Yes, it would be possible to improve the design of the road to limit accidents. But accidents will happen, to coin a phrase. That’s why you see data which looks like the graph below, which doesn’t have a pattern in the sense I used the word. In coming years could see between 0 and 5 deaths and between 6 and 15 serious injuries without any surprise whatsoever. Shock, disappointment, grief - yes. But there is no pattern. It’s clearly a dangerous road, and that’s not spotting a pattern, it’s an observation about the fact that people die and are injured whilst using it.
You could generalise about the results you have by saying that, in the case of seaside primary, the average percentage of RWM Level 4 is somewhere between 57% and 86%. You could say at each cohort seems to be ranged around an average result of 71%, but to say that something went ‘well’ in 2013 and 2009 and ‘badly’ in 2011 isn’t sensible. But you couldn’t say that results ‘improved’ in 2009, ‘went down’ between 2009 and 2011, before ‘rising’ from 2011 to 2013 without implying that something happened at each ‘turning point’ to cause those changes. That’s the danger, and that’s the point I’m making.
Clearly, in some schools, things occasionally do go drastically wrong and student outcomes are extremely low compared to other schools. But that isn't spotting a pattern either, it's seeing an anomalous result which needs to be explored further. It might just be a highly unusual cohort. It might be a significant change in the school. It might be many things. It would be highly unwise to generalise and to leap to the conclusion that it must be something which the school has done, given that subsequent years are likely to see better outcomes due to simple regression to the mean.

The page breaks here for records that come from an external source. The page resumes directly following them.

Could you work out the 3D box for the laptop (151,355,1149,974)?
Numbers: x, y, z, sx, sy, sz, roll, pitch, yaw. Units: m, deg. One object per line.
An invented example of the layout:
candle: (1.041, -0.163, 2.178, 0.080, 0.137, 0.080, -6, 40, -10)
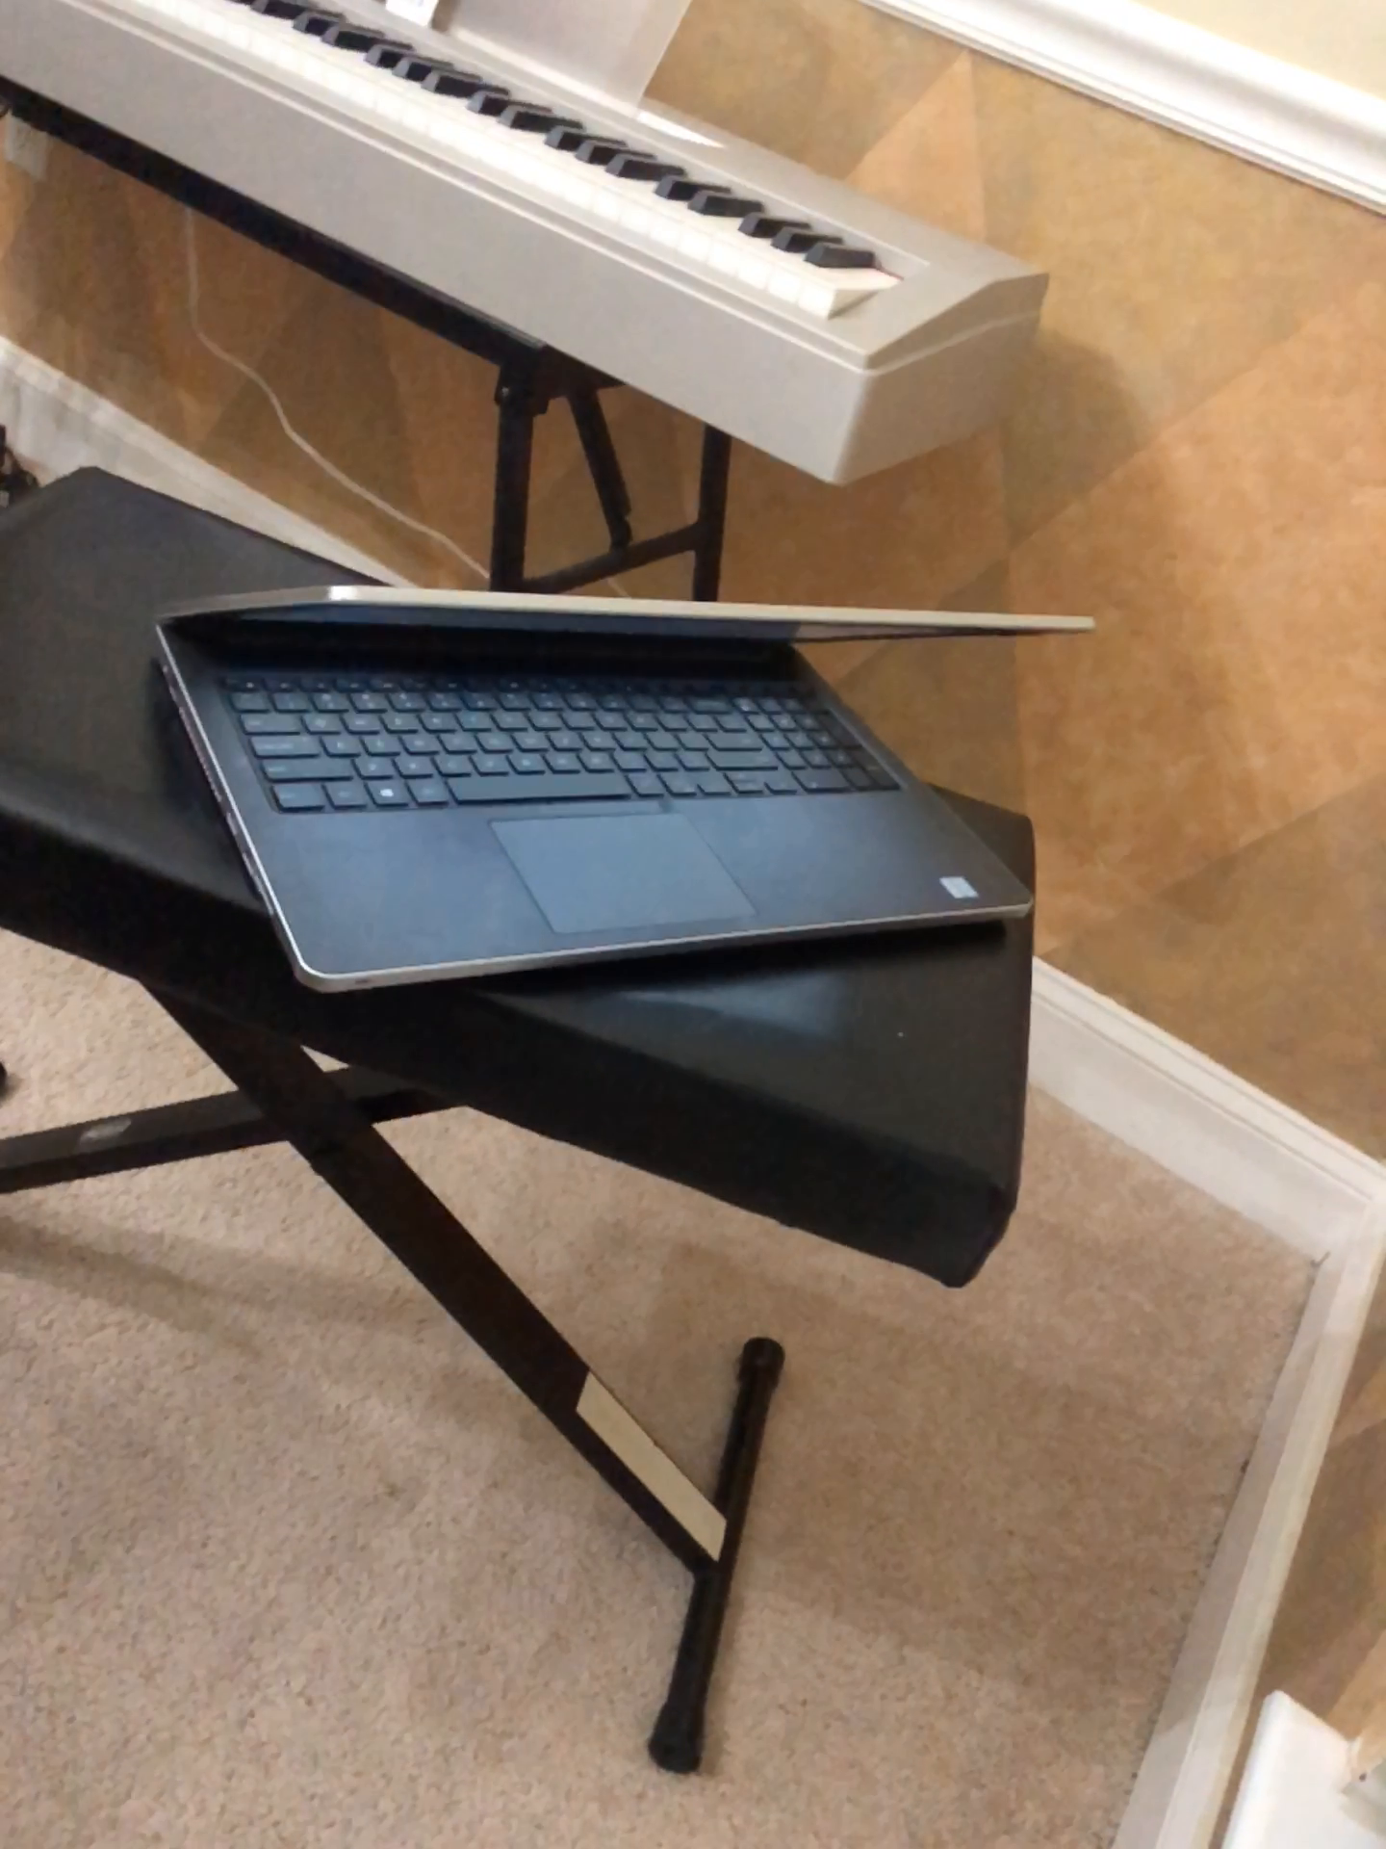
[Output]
laptop: (-0.026, -0.130, 0.725, 0.376, 0.132, 0.257, -6, 44, -32)

Steve Adcock continues to say that, “There is so much more to a school than its Progress 8 score, but if my kids were at a school where they made half a grade less progress than their peers in other schools, I would want to know about it, especially if this lack of progress occurred year after year. Of course it wouldn’t mean that the school’s leaders and teachers were uncaring or incompetent, but I dare say they could be doing a few things better.”
The problem with this is that in virtually no schools do you see a ‘lack of progress (which occurs) year after year’, as Stephen Gorard has shown in papers such as “How Unstable are ‘School Effects’ Assessed by a Value-added Technique?”. As Gorard says, ‘The study asks how many schools with at least 99% of their pupils included in the VA calculations, and with data for all years, had VA measures that were clearly positive for five years. The answer is - none. Whatever it is that VA is measuring, if it is measuring anything at all, it is not a consistent characteristic of schools.” Gorard looked for schools with five years of negative Value Added and found, “Out of 2,897 schools (), only two had 99% or more pupil coverage for all years, with five successive years of apparently negative CVA. No schools had five years of apparently positive CVA.”
Steve concludes by saying, “Twenty five years since the emergence of league tables I think we’ve finally got a system (thanks to Progress 8 and tough terminal exams) which shows up real school improvement. I hope that Ofsted and Amanda Spielman continue to challenge schools which persistently fail to ensure that students depart with their pockets full of decent grades.”
I couldn’t agree more, but let’s make sure that we use the information we have to ensure that we know that schools are definitely persistently failing, and to look carefully to see if we can establish why that might be the case, rather than simply mistaking the natural variation in student scores - which we know we should expect - as a pattern in the data.